But seriously, I think she has a lot going for her, and I like her. The mis-identifying color/pattern thing is just a pet peeve of mine, being an Appaloosa person. 
She would be a fun prospect. Good luck!


----------



## westonsma (May 19, 2009)

worth looking at, but by all means, if you're going to event with her, please, PLEASE examine her feet closely! Being a young horse, her feet are still in the developmental stages, and looking at her strides in the pictures, you can tell she lands toe first. Make sure that her toes are rounded ( on the edge instead of < . It affects her breakover, and she will not perform correctly or as well as she could if her feet are done properly. Make sure she has a good tall heel too, that her frog goes 3/4 way across the bottom of her foot. Any less means her toes have been too long, any more she's too upright, and her legs weren't built for H/J or speed events. 

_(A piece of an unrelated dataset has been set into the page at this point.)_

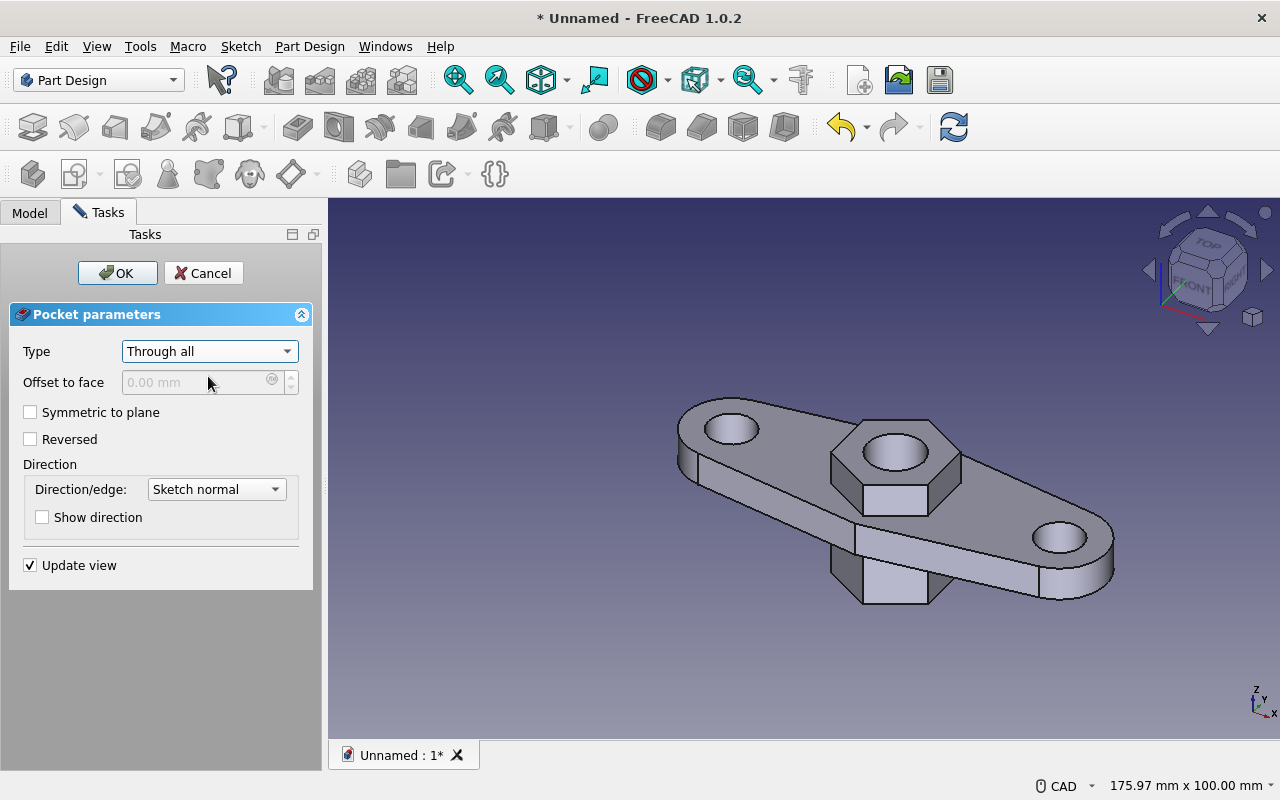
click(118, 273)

Her head carriage is a little high for my taste, and she also has a long hip. Long hips with a short back can lead to overreaching, so watch her canter and gallop, make sure that she doesn't clack her back toes on her front heels.

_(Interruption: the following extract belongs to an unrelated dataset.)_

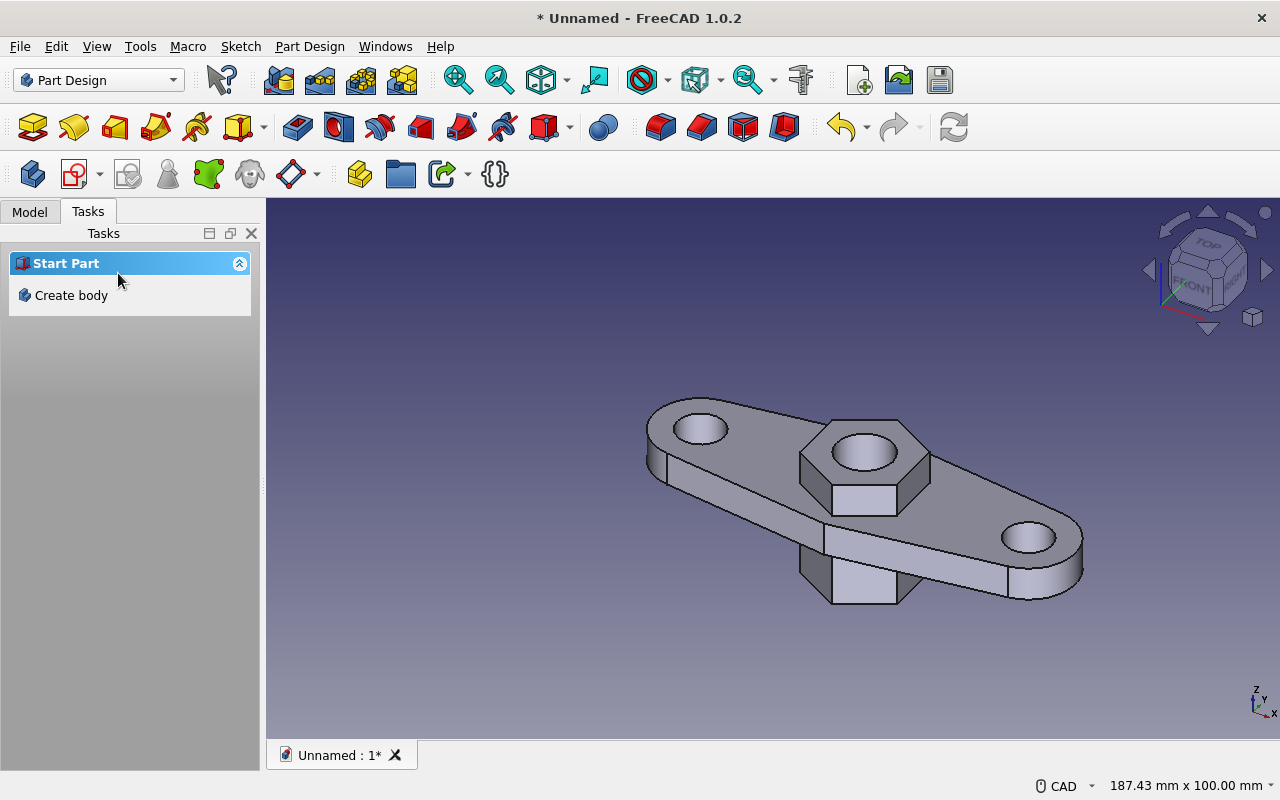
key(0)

Be sure to pull her away from her pasturemates, to where she can't see them, and see how she reacts. If she gets fussy, see how hard it is for you to keep her attention.

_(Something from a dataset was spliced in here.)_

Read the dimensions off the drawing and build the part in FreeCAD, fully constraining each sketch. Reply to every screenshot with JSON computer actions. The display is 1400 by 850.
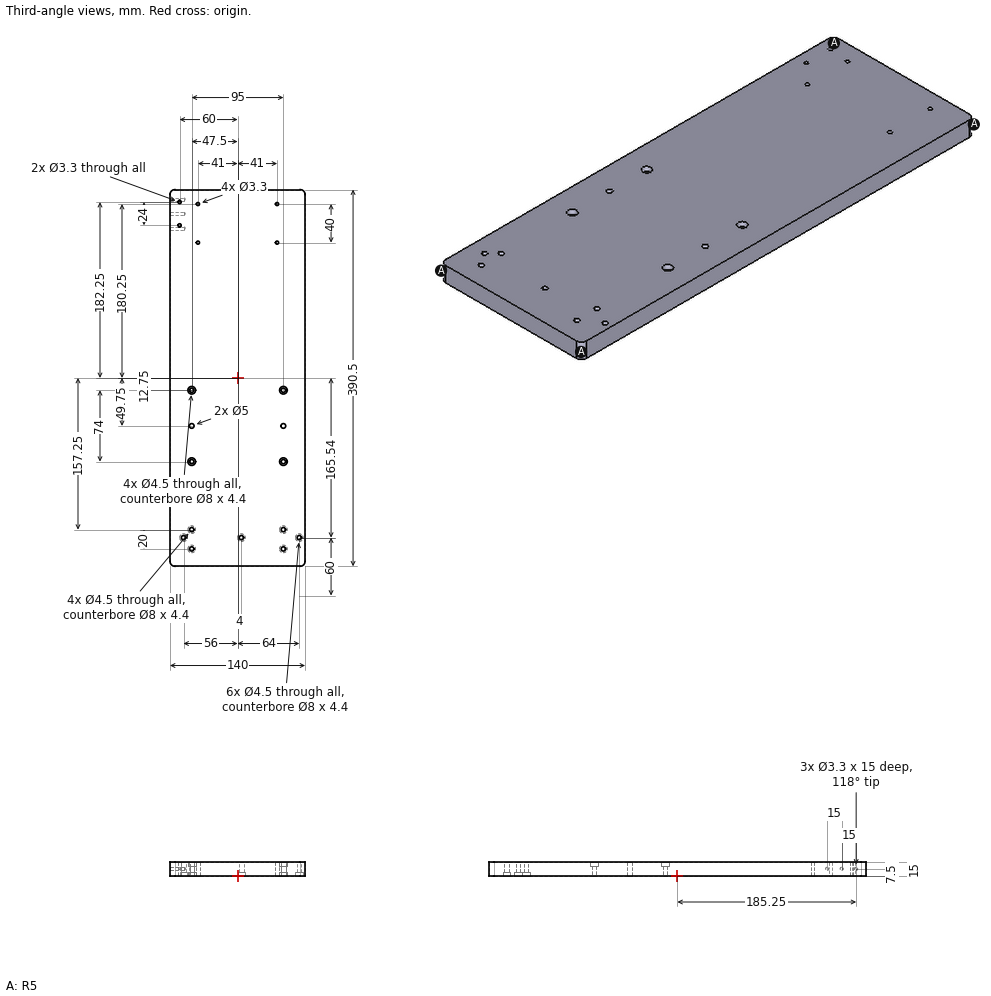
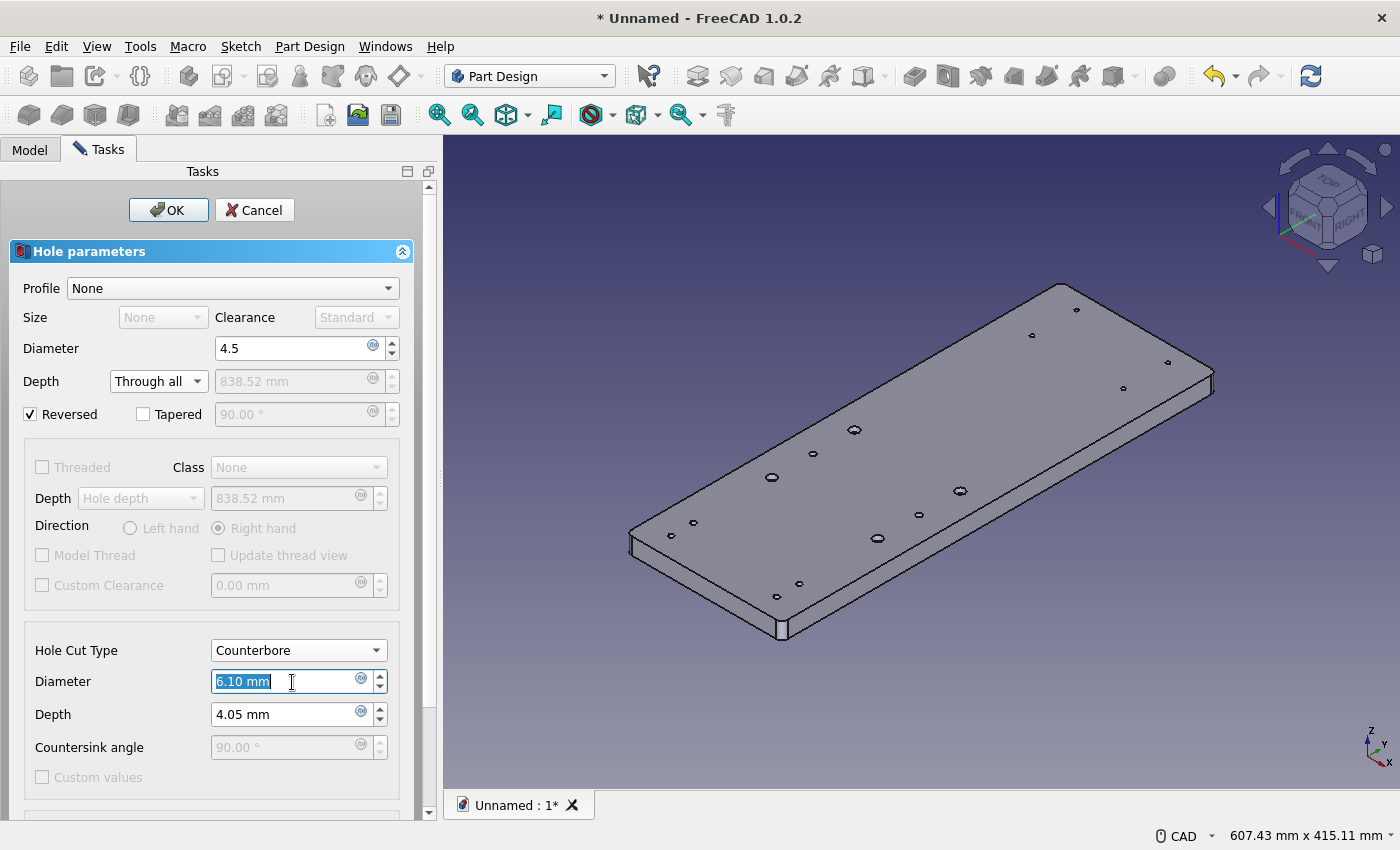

Also, before you leave home, put a plastic grocery bag in your back pocket. When you are picking up her feet and fooling with her, make her look at you and whip the bag out, shaking it loudly. Watch her response and the white in her eyes. If she still eyes you when you put the bag away, she's a nervous horse, and one that will need a lot of seasoning.

I bought a 5yr old Off Track Thoroughbred, dead broke, patterned on barrels, registered with three bars on his papers for $250. Keep that in mind, and be sure to offer less than what they're asking to see if they'll come down. The bottom has fallen out of the horse market, and for $1000 at an auction you could have a REALLY NICE horse that's seen it all.

GOOD LUCK!!! Just wanted to offer up some tips to keep in mind when you look... 

Hope this helps!


----------



## 1dog3cats17rodents (Dec 7, 2007)

westonsma said:


> Also, before you leave home, put a plastic grocery bag in your back pocket. When you are picking up her feet and fooling with her, make her look at you and whip the bag out, shaking it loudly. Watch her response and the white in her eyes. If she still eyes you when you put the bag away, she's a nervous horse, and one that will need a lot of seasoning.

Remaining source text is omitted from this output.